Some Standard Trie Problems

1. Longest Prefix Matching

Problem:

Given a dictionary of words and an input string, find the longest prefix of the string which is also a word in dictionary.

Example:

Dictionary of words : {are, area, base, cat, cater, children, basement}

Input: caterer Output: cater

Input: basemexy Output: base

Input: child Output:

Solution:
  • Build a Trie of all dictionary words.
  • Once the Trie is built, traverse through it using characters of input string.
  • If prefix matches a dictionary word, store current length and look for a longer match.
  • Finally, return the longest match.

2. Printing unique rows in a given boolean matrix

Problem:

Given a binary matrix, print all unique rows of the given matrix.

Example:

Input: Output:

{0, 1, 0, 0, 1} 0 1 0 0 1

{1, 0, 1, 1, 0} 1 0 1 1 0

{0, 1, 0, 0, 1} 1 1 1 0 0

{1, 1, 1, 0, 0}

Solution:
  • Consider every row as a string and add it to trie.
  • Then suggest all words in trie using trie.word_suggest(“*“).

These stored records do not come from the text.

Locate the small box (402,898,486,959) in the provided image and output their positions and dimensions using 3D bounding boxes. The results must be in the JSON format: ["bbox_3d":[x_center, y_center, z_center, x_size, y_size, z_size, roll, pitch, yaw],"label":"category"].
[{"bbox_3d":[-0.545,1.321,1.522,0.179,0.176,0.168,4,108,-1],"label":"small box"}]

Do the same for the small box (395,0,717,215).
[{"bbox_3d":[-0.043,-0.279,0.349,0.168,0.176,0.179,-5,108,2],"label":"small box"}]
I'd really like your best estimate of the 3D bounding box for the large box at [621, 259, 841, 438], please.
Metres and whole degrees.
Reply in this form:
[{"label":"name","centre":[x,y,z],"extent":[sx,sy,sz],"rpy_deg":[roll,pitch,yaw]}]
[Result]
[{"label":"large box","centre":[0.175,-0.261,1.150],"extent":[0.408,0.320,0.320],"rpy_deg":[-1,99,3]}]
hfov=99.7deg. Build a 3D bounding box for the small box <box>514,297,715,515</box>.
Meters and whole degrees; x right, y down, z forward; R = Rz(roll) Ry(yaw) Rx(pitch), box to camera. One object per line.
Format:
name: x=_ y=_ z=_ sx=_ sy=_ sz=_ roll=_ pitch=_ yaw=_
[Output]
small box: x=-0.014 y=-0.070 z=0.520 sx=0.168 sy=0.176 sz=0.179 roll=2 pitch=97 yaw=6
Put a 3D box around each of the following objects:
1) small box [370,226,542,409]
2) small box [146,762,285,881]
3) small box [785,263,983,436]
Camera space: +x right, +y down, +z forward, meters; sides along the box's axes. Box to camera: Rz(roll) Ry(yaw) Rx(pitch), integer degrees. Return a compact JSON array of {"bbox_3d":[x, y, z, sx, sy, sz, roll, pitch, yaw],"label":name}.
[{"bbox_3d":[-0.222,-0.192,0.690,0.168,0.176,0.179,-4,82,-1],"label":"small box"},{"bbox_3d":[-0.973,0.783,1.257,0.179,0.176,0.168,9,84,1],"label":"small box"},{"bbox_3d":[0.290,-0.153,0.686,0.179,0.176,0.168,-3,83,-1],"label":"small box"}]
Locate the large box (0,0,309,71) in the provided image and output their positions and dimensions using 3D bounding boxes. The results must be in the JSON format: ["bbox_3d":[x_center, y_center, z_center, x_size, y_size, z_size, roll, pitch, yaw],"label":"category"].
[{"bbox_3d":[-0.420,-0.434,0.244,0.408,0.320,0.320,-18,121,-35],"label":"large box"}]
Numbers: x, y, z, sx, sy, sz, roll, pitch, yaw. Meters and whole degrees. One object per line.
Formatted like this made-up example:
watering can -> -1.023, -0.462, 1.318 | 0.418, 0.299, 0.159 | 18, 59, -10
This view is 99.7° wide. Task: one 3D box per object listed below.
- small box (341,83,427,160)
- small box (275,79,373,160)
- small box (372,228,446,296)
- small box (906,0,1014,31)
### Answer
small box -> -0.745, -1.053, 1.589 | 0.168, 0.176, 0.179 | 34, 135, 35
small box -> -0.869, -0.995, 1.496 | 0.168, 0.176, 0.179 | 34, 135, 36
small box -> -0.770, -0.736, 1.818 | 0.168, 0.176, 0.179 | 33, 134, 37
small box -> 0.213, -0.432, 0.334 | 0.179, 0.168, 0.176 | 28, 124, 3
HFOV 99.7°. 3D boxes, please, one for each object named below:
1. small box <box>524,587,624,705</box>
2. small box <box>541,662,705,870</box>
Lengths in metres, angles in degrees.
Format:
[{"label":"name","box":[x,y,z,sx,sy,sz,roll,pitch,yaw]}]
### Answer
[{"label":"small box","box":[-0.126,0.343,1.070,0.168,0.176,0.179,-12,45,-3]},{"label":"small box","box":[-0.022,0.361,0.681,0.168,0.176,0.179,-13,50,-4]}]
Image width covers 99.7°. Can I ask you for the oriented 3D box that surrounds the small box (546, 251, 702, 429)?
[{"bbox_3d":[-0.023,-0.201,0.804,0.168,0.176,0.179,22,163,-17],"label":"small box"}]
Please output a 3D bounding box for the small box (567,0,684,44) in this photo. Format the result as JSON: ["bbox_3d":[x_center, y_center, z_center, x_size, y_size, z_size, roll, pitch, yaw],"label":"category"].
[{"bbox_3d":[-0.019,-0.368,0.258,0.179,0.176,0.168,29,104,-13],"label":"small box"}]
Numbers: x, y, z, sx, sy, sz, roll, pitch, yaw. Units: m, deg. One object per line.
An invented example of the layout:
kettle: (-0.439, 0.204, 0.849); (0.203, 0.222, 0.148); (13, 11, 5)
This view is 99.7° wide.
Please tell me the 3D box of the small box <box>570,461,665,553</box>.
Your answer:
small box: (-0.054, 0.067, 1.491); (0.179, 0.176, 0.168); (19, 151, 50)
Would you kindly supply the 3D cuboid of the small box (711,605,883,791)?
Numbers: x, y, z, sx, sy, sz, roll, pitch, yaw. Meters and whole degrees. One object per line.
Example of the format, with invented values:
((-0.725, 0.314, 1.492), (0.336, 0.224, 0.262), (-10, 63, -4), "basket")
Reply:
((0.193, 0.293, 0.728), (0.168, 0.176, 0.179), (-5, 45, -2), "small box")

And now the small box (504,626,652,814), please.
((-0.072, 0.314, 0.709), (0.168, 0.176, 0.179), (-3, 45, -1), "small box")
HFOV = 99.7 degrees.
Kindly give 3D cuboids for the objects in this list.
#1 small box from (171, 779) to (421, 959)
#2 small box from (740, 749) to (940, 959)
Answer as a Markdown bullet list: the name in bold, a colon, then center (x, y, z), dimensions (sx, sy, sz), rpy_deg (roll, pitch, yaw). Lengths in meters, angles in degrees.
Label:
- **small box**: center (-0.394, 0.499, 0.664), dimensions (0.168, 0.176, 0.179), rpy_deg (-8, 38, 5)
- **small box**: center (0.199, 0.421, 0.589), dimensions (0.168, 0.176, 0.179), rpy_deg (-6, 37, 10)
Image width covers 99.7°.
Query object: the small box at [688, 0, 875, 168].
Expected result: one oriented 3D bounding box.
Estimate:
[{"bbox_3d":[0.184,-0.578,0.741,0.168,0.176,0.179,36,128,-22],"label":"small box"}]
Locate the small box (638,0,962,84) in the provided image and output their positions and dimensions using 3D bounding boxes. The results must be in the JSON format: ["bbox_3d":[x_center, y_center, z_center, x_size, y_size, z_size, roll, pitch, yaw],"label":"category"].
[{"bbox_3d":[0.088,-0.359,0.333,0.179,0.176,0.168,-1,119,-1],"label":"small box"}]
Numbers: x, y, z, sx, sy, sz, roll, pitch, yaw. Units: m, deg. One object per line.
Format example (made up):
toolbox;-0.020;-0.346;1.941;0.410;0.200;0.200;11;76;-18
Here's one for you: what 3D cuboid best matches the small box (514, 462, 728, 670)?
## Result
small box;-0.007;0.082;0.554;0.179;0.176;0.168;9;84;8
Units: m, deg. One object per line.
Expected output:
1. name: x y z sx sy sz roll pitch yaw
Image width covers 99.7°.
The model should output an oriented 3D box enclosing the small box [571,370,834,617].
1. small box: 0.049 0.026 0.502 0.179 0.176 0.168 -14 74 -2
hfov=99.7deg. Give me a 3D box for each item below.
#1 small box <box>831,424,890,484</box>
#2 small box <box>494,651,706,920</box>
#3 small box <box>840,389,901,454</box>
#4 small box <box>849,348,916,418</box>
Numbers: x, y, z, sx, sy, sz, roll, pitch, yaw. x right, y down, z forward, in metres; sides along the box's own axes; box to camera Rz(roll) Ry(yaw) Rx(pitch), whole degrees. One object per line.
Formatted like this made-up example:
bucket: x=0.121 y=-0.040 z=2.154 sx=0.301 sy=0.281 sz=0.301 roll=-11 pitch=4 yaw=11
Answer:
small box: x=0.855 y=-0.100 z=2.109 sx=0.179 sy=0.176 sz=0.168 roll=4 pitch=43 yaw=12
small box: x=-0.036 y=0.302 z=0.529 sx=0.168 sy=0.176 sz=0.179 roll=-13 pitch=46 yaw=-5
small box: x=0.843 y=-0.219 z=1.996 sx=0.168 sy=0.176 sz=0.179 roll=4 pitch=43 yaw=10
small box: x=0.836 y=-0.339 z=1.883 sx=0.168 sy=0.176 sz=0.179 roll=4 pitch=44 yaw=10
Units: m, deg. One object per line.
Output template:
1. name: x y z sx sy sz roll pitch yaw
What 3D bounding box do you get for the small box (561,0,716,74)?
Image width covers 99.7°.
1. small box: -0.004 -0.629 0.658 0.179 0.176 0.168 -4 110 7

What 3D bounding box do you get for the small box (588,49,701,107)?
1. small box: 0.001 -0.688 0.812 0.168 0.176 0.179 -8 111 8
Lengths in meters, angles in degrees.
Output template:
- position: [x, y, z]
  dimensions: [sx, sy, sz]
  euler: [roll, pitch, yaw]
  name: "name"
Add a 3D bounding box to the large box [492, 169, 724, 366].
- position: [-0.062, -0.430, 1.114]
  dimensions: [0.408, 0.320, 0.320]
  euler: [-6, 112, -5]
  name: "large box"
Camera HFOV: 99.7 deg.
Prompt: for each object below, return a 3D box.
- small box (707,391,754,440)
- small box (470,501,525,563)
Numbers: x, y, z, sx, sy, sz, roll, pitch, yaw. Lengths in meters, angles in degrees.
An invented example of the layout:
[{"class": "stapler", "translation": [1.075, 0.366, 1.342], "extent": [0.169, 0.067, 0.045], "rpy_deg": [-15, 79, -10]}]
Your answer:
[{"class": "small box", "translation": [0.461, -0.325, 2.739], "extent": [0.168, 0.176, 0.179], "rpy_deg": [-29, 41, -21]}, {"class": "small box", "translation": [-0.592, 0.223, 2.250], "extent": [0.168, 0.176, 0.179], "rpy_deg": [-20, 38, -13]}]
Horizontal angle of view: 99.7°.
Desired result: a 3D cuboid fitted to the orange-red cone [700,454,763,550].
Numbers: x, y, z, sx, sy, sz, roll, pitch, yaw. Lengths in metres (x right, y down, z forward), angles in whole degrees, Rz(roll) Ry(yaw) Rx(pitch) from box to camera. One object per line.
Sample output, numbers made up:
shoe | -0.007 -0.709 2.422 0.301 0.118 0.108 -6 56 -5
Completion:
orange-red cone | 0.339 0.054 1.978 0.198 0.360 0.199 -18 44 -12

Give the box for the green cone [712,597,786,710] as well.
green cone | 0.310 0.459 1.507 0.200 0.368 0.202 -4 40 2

Note: Better solution is to use every row as a string and key to the hash or dictionary.

3. Implement Reverse DNS Lookup Cache

Problem:

Reverse DNS look up is using an internet IP address to find a domain name. For example, .

Example:

Input: 74.125.200.106 Output: google.in

Solution:
  • One solution is to use Hashing.
  • Advantage of Trie based solutions is, worst case upper bound is O(1) for Trie, for hashing, the best possible average case time complexity is O(1).
  • Also, with Trie we can implement prefix search (finding all urls for a common prefix of IP addresses).
  • The general disadvantage of Trie is large amount of memory requirement, this is not a major problem here as the alphabet size is only 11 here.
  • Ten characters are needed for digits from ‘0’ to ‘9’ and one for dot (‘.’).
  • The idea is to store IP addresses in Trie nodes and in the last node we store the corresponding domain name.

4. Implement Forward DNS Lookup Cache

Problem:

Forward DNS look up is getting IP address for a given domain name typed in the web browser.

Solution:
  • One solution is to use Hashing.
  • We can implement this similar to Backward DNS Look Up but here instead of 11 we will have 27 characters (a-z & “.”).